## Recorded information
== Segment start ==

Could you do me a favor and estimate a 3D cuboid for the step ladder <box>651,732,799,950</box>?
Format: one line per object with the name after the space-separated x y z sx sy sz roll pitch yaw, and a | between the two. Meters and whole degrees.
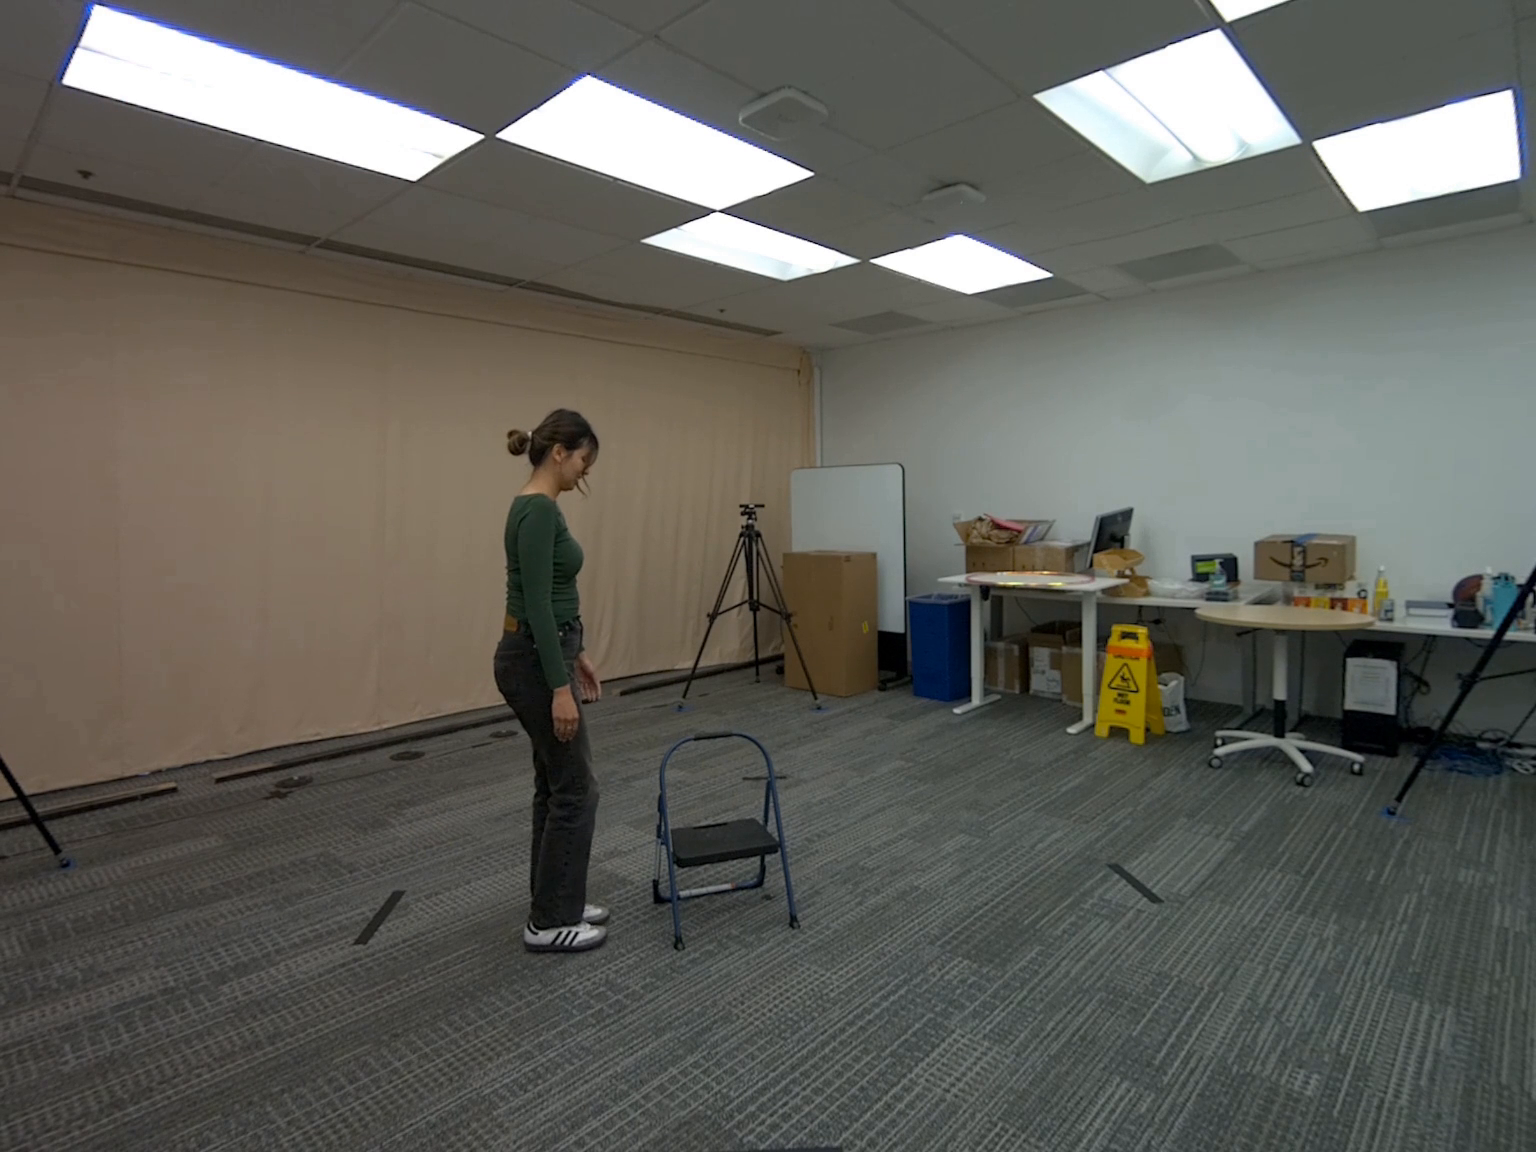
-0.154 0.851 2.852 0.422 0.605 0.357 -2 3 -20 | step ladder

== Segment end ==

## Brief
Transcribe the data verbatim. No picture belongs in the result.

## Your solution
Could you do me a favor and estimate a 3D cuboid for the step ladder <box>651,732,799,950</box>?
Format: one line per object with the name after the space-separated x y z sx sy sz roll pitch yaw, and a | between the two. Meters and whole degrees.
-0.154 0.851 2.852 0.422 0.605 0.357 -2 3 -20 | step ladder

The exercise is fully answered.